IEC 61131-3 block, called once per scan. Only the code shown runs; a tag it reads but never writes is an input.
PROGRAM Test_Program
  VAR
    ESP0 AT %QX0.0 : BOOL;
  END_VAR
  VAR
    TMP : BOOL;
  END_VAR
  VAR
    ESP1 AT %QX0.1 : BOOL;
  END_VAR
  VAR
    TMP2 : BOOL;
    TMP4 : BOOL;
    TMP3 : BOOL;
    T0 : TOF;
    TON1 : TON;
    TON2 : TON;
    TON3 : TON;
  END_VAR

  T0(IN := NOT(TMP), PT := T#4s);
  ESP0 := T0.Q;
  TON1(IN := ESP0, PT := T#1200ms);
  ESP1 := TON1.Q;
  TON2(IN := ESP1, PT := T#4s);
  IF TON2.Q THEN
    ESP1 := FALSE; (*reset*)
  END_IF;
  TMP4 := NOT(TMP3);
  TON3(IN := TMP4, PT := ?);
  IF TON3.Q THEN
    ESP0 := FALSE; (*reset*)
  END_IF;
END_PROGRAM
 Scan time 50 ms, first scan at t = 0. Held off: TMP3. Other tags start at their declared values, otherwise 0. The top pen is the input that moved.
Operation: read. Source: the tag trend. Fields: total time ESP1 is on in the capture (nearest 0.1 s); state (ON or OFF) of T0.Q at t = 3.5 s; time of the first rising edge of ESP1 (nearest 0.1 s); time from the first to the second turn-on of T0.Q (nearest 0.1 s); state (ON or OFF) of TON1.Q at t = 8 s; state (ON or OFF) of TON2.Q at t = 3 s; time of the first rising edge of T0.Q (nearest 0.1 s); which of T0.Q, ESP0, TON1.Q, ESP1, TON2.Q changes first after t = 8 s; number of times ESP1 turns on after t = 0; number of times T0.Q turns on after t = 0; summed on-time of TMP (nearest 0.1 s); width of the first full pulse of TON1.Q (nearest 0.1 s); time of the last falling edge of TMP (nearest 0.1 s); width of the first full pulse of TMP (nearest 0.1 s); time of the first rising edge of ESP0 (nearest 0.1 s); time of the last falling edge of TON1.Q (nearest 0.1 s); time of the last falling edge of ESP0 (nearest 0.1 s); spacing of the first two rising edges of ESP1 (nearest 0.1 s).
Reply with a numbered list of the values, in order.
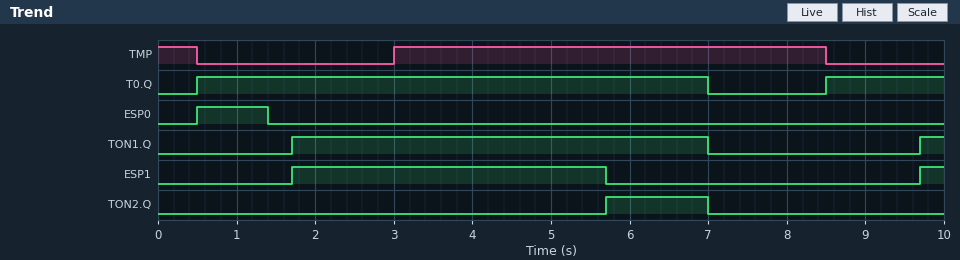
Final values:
1. 4.3 s
2. ON
3. 1.7 s
4. 8.0 s
5. OFF
6. OFF
7. 0.5 s
8. T0.Q
9. 2
10. 2
11. 6.0 s
12. 5.3 s
13. 8.5 s
14. 5.5 s
15. 0.5 s
16. 7.0 s
17. 1.4 s
18. 8.0 s
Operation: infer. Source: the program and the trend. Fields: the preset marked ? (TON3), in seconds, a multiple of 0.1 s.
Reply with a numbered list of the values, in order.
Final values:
1. 1.4 s
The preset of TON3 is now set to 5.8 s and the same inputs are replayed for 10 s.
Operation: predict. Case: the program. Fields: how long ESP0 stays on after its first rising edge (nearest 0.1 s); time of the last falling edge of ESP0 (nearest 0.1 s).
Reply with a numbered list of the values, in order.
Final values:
1. 5.3 s
2. 5.8 s
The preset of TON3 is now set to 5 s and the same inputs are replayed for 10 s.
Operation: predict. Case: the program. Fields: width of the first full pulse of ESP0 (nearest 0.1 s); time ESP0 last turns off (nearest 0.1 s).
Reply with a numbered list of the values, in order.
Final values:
1. 4.5 s
2. 5.0 s

▶ **Task to complete**: Every line of the listing that includes "BOOL" must be shown.

▶ **Written solution**:
    ESP0 AT %QX0.0 : BOOL;
    TMP : BOOL;
    ESP1 AT %QX0.1 : BOOL;
    TMP2 : BOOL;
    TMP4 : BOOL;
    TMP3 : BOOL;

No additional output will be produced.